[Available data Boundary: Start]

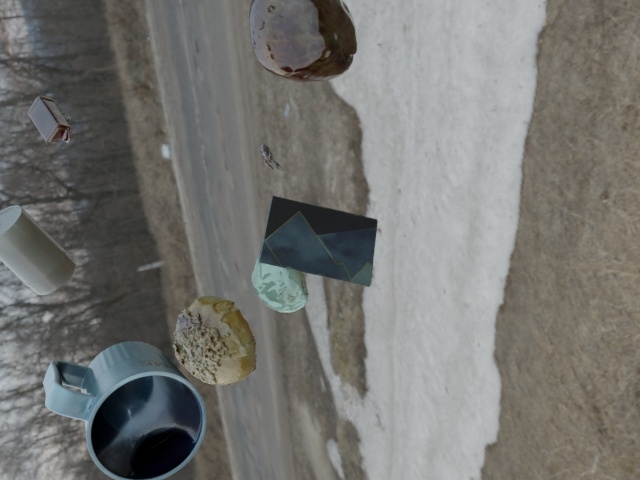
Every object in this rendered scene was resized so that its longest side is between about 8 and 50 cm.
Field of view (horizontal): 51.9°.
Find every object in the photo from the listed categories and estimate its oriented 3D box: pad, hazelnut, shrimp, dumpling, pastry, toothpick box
[{"bbox_3d":[0.000,0.000,1.398,0.004,0.243,0.163,123,158,-64],"label":"pad"},{"bbox_3d":[-0.037,-0.419,1.325,0.234,0.218,0.218,35,-163,-47],"label":"hazelnut"},{"bbox_3d":[-0.151,-0.239,1.911,0.038,0.029,0.092,-18,115,36],"label":"shrimp"},{"bbox_3d":[-0.109,0.116,1.920,0.219,0.108,0.152,58,134,26],"label":"dumpling"},{"bbox_3d":[-0.327,0.309,1.962,0.316,0.184,0.284,-16,100,56],"label":"pastry"},{"bbox_3d":[-0.629,0.024,1.421,0.111,0.111,0.180,49,173,51],"label":"toothpick box"}]

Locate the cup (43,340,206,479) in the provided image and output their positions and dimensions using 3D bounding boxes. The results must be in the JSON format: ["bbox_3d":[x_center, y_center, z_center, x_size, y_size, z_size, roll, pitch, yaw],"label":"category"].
[{"bbox_3d":[-0.472,0.402,1.577,0.311,0.331,0.256,-164,66,-65],"label":"cup"}]

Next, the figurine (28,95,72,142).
[{"bbox_3d":[-0.794,-0.354,1.980,0.082,0.098,0.154,-41,80,27],"label":"figurine"}]

[Available data Boundary: End]

Exercise
Your reply should restate every entry exactly, with the pictures left out.

Answer for the task
Every object in this rendered scene was resized so that its longest side is between about 8 and 50 cm.
Field of view (horizontal): 51.9°.
Find every object in the photo from the listed categories and estimate its oriented 3D box: pad, hazelnut, shrimp, dumpling, pastry, toothpick box
[{"bbox_3d":[0.000,0.000,1.398,0.004,0.243,0.163,123,158,-64],"label":"pad"},{"bbox_3d":[-0.037,-0.419,1.325,0.234,0.218,0.218,35,-163,-47],"label":"hazelnut"},{"bbox_3d":[-0.151,-0.239,1.911,0.038,0.029,0.092,-18,115,36],"label":"shrimp"},{"bbox_3d":[-0.109,0.116,1.920,0.219,0.108,0.152,58,134,26],"label":"dumpling"},{"bbox_3d":[-0.327,0.309,1.962,0.316,0.184,0.284,-16,100,56],"label":"pastry"},{"bbox_3d":[-0.629,0.024,1.421,0.111,0.111,0.180,49,173,51],"label":"toothpick box"}]

Locate the cup (43,340,206,479) in the provided image and output their positions and dimensions using 3D bounding boxes. The results must be in the JSON format: ["bbox_3d":[x_center, y_center, z_center, x_size, y_size, z_size, roll, pitch, yaw],"label":"category"].
[{"bbox_3d":[-0.472,0.402,1.577,0.311,0.331,0.256,-164,66,-65],"label":"cup"}]

Next, the figurine (28,95,72,142).
[{"bbox_3d":[-0.794,-0.354,1.980,0.082,0.098,0.154,-41,80,27],"label":"figurine"}]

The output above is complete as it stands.